**What you are asked to do**
Write out, word for word, every line in the data below from the one containing "display: inline;" to the one containing "</h4></code>", both of them included.

[Records excerpted from a collection]
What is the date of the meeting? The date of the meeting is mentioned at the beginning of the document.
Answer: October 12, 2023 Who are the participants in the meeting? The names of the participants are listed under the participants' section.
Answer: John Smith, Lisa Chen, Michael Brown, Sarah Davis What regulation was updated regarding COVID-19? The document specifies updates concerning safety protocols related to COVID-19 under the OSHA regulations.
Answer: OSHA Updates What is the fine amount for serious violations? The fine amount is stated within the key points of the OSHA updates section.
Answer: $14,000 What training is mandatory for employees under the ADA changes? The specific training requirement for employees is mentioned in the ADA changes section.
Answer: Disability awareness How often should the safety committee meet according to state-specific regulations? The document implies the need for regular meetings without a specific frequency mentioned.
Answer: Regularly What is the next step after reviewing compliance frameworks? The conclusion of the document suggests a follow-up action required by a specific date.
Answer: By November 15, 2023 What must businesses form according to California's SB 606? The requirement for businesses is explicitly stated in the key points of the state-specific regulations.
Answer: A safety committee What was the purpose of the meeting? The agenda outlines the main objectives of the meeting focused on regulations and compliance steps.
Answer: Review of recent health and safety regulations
==
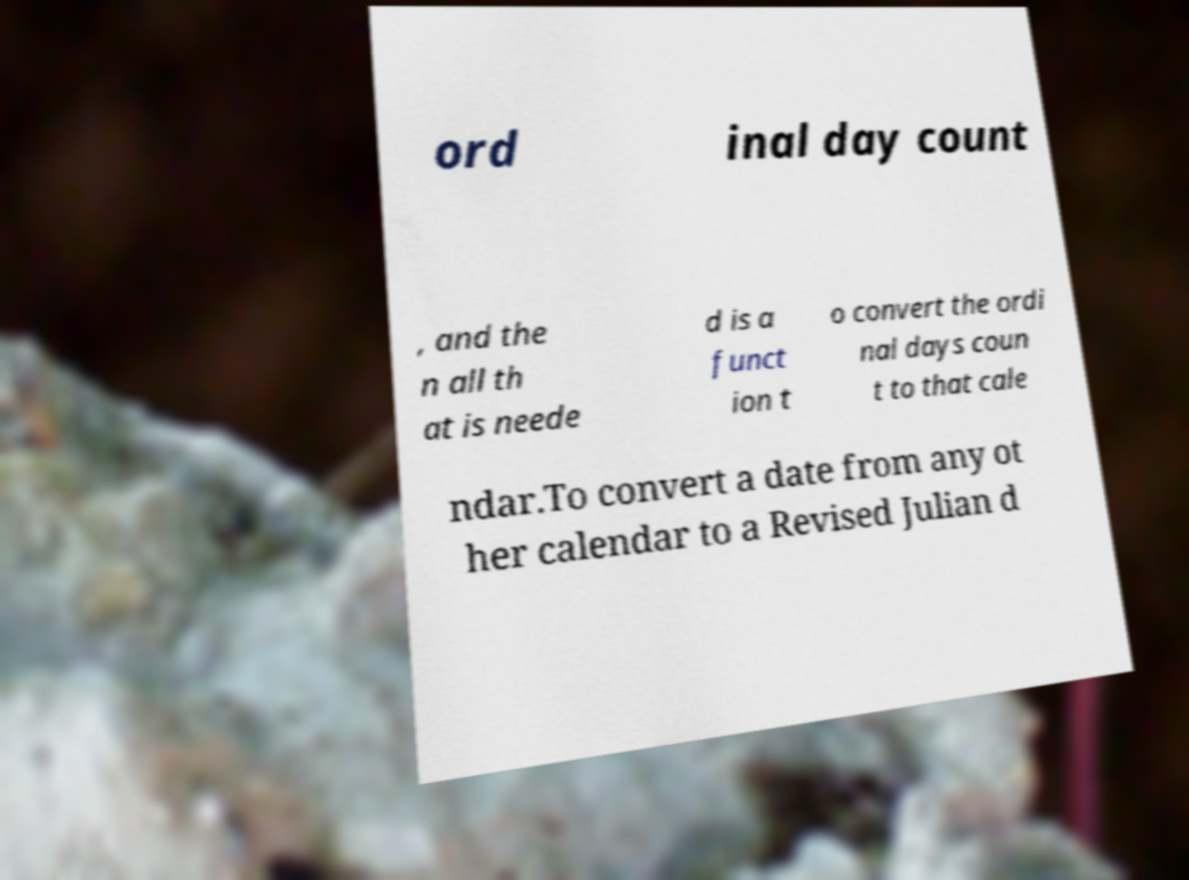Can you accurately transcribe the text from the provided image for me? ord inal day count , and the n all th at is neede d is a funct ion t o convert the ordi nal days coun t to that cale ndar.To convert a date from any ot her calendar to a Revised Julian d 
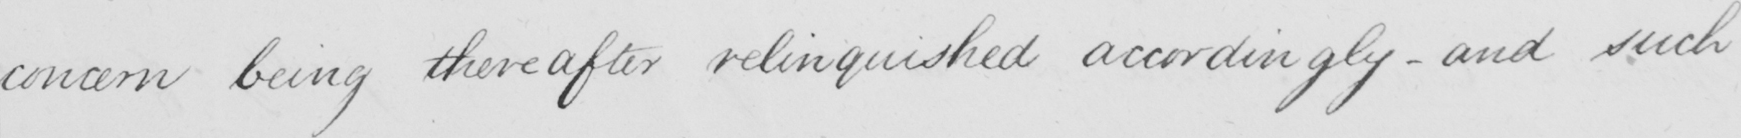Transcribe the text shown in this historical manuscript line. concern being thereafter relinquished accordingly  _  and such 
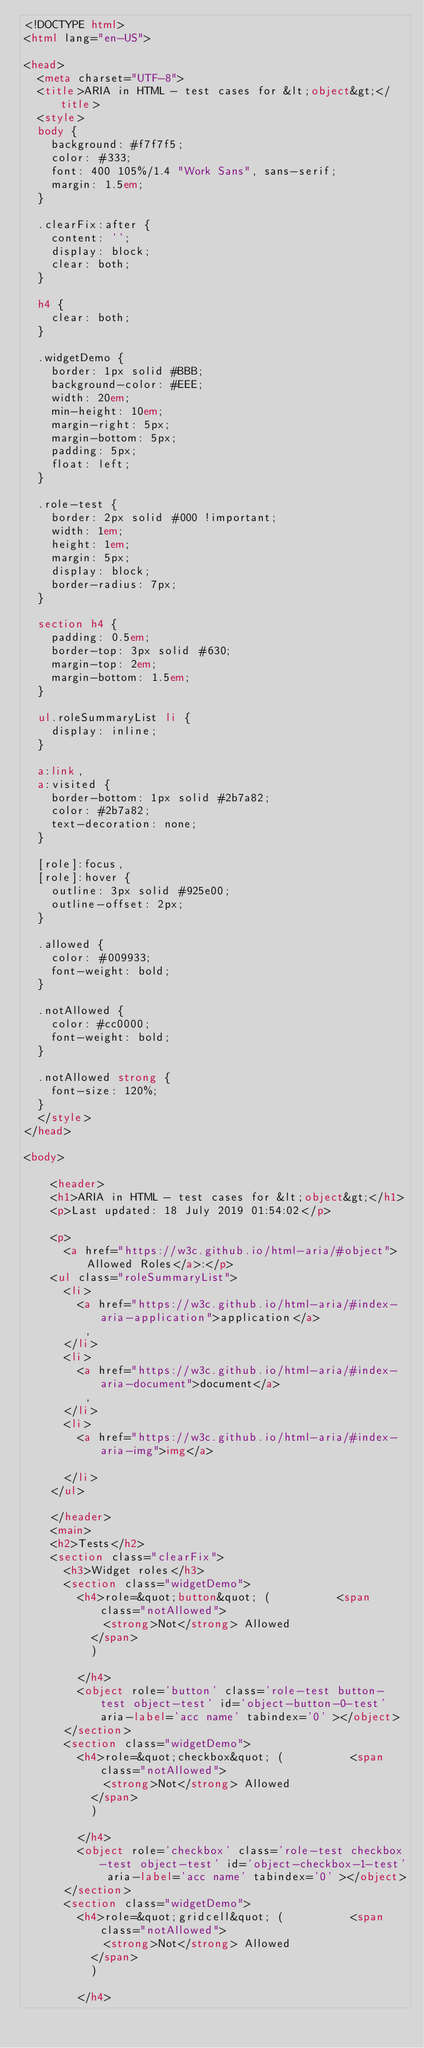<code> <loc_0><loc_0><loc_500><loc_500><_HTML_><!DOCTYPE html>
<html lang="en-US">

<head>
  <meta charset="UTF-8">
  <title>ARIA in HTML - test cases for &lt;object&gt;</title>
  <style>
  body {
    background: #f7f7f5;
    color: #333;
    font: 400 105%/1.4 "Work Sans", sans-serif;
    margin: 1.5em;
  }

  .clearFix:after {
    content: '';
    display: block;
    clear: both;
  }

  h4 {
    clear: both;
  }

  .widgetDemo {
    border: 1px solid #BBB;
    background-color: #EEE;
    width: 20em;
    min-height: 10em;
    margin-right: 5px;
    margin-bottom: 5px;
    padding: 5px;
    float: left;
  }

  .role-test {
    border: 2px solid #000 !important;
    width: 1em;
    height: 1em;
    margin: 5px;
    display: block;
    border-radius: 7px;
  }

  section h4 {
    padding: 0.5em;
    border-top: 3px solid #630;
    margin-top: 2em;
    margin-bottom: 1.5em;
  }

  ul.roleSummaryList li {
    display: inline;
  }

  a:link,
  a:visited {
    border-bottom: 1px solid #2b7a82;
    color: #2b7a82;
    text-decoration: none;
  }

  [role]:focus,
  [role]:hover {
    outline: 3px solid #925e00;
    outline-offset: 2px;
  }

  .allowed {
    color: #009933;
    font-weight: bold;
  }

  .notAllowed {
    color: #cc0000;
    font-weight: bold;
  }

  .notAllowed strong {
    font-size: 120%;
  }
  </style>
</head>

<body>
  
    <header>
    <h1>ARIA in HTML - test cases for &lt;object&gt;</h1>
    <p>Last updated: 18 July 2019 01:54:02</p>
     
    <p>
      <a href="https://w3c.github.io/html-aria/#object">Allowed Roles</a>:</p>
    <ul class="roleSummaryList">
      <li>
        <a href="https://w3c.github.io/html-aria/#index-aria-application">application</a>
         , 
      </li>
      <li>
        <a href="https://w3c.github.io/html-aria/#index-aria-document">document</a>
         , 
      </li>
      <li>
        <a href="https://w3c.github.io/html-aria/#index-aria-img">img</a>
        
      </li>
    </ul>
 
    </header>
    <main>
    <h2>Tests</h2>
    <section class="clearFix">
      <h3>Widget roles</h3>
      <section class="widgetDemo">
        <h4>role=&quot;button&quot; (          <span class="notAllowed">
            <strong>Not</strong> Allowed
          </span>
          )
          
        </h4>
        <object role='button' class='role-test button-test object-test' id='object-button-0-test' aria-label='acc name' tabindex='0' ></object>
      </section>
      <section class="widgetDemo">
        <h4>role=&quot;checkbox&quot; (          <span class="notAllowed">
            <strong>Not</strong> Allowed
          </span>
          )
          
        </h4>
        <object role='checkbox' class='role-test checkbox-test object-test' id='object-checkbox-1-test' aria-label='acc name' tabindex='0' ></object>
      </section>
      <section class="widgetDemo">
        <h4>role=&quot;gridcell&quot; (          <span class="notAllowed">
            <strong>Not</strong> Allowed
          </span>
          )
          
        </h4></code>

**Response to this exercise**
    display: inline;
  }

  a:link,
  a:visited {
    border-bottom: 1px solid #2b7a82;
    color: #2b7a82;
    text-decoration: none;
  }

  [role]:focus,
  [role]:hover {
    outline: 3px solid #925e00;
    outline-offset: 2px;
  }

  .allowed {
    color: #009933;
    font-weight: bold;
  }

  .notAllowed {
    color: #cc0000;
    font-weight: bold;
  }

  .notAllowed strong {
    font-size: 120%;
  }
  </style>
</head>

<body>
  
    <header>
    <h1>ARIA in HTML - test cases for &lt;object&gt;</h1>
    <p>Last updated: 18 July 2019 01:54:02</p>
     
    <p>
      <a href="https://w3c.github.io/html-aria/#object">Allowed Roles</a>:</p>
    <ul class="roleSummaryList">
      <li>
        <a href="https://w3c.github.io/html-aria/#index-aria-application">application</a>
         , 
      </li>
      <li>
        <a href="https://w3c.github.io/html-aria/#index-aria-document">document</a>
         , 
      </li>
      <li>
        <a href="https://w3c.github.io/html-aria/#index-aria-img">img</a>
        
      </li>
    </ul>
 
    </header>
    <main>
    <h2>Tests</h2>
    <section class="clearFix">
      <h3>Widget roles</h3>
      <section class="widgetDemo">
        <h4>role=&quot;button&quot; (          <span class="notAllowed">
            <strong>Not</strong> Allowed
          </span>
          )
          
        </h4>
        <object role='button' class='role-test button-test object-test' id='object-button-0-test' aria-label='acc name' tabindex='0' ></object>
      </section>
      <section class="widgetDemo">
        <h4>role=&quot;checkbox&quot; (          <span class="notAllowed">
            <strong>Not</strong> Allowed
          </span>
          )
          
        </h4>
        <object role='checkbox' class='role-test checkbox-test object-test' id='object-checkbox-1-test' aria-label='acc name' tabindex='0' ></object>
      </section>
      <section class="widgetDemo">
        <h4>role=&quot;gridcell&quot; (          <span class="notAllowed">
            <strong>Not</strong> Allowed
          </span>
          )
          
        </h4></code>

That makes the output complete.